Кроме здоровяка-доктора пришли еще двое «гостей»: первый – однорукий коренастый мужик с рыжей щетинистой бородой, а второй – высокий, худой незнакомец с крючковатым носом.
– Ну, и как самочувствие, Альберт? – поинтересовался Макарыч. Его товарищи не спешили представляться.
– Гораздо лучше, болит уже меньше, температура в норме. Если честно, надоело без дела валяться.
– Дело тебе найдется, не переживай. У нас тут никто без работы не сидит, – усмехнулся однорукий.
Альберт Борисович чуть нахмурился, вспомнив, как нагружают Таню. Затем ученый посмотрел на худого с крючковатым носом, тот стоял чуть позади остальных и пристально разглядывал Хаимовича. Профессору не понравился этот цепкий, холодный, тяжелый взгляд. Его лицо чем-то смутило ученого.
– Когда привезли, весь искусан был, едва дышал. А сейчас уже вон как огурчик, чудеса. Дай-ка на швы гляну, – Макарыч осмотрел раны и удивился, насколько быстро они заживают.
– А когда я с главным смогу поговорить? – спросил профессор, пытаясь казаться дружелюбным.
– Всему свое время, отдыхай пока. Швы сами рассосутся, снимать не понадобиться, – доктор скрестил могучие руки на груди и отступил от кровати. Через несколько секунд вся троица молча вышла на улицу.
«Консилиум у них тут что ли был. Пришли, посмотрели, ушли. Где этот хренов Ворон или Беркут или как его там?», – раздраженно размышлял Альберт Борисович. Но главный не спешил порадовать его своим визитом.

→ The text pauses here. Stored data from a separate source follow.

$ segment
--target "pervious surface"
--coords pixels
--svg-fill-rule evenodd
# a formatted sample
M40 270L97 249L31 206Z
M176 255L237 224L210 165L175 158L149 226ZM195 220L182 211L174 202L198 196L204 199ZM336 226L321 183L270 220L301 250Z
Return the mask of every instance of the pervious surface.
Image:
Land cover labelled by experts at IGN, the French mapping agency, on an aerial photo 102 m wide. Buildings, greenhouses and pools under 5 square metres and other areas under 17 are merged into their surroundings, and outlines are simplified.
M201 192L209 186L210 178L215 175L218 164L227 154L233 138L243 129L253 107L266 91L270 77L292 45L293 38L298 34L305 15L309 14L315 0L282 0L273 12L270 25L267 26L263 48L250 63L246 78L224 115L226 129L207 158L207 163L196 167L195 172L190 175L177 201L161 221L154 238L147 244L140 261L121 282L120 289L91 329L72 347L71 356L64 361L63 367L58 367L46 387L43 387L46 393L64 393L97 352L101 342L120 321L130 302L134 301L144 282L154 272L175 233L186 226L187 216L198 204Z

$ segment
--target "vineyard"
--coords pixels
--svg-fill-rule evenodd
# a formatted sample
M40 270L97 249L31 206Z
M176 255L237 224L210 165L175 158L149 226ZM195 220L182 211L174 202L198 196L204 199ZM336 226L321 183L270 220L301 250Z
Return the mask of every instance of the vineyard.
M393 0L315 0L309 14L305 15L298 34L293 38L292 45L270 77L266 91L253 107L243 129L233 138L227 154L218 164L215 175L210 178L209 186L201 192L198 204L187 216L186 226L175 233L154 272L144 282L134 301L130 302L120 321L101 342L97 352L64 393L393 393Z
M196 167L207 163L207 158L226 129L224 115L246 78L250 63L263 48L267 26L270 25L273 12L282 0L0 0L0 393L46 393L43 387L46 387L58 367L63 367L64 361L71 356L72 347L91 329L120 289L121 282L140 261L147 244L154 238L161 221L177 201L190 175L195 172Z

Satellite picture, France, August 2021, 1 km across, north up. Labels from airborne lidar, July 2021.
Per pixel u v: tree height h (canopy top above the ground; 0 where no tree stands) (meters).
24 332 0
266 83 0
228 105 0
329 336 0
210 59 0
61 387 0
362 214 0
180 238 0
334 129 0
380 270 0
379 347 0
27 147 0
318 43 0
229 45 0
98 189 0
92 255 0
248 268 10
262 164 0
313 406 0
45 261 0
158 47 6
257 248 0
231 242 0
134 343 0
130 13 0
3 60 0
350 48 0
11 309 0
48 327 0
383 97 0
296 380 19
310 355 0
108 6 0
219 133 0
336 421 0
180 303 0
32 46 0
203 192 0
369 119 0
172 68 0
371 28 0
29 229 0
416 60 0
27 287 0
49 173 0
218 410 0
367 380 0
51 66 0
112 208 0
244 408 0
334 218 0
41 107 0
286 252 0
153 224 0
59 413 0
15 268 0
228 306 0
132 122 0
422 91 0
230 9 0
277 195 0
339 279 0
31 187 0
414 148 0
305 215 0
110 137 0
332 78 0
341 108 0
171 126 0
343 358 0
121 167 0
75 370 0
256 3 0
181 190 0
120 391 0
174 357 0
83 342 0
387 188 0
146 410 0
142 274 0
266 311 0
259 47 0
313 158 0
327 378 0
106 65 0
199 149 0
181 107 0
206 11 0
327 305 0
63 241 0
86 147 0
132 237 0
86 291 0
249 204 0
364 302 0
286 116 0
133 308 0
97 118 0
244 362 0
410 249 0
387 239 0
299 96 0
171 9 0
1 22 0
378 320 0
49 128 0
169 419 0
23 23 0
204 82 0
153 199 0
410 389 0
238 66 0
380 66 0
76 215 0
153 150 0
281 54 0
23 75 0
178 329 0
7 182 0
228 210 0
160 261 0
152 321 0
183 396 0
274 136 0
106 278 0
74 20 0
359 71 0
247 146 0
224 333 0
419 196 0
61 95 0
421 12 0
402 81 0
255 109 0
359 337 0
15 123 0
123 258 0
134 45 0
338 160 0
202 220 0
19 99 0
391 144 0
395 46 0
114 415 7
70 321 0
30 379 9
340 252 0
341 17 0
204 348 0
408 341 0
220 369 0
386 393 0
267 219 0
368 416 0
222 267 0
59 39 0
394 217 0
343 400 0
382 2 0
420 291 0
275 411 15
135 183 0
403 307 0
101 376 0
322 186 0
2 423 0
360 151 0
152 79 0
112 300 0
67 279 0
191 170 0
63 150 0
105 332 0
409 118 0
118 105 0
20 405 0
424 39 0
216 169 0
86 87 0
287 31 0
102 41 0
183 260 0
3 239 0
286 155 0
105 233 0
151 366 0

Таня пришла поздно вечером, принесла ужин и повалилась на соседнюю кровать.
– Что с тобой? Тебе плохо? – испугался Хаимович.
– Устала очень, огород поливали, спина болит и ноги…, – тихо ответила малышка.
– Огород, огород… ясно…, а здесь много охраны? – между делом поинтересовался наставник.
– Человека два, может три, – немного поразмыслив, ответила девочка и затем добавила, – Додж так скулит в клетке, когда видит меня, я сегодня раза три к нему подходила, гладила. Его отдельно держат. Я ему рассказала, что Вы скоро поправитесь, и мы пойдем дальше, он скучает по Вам.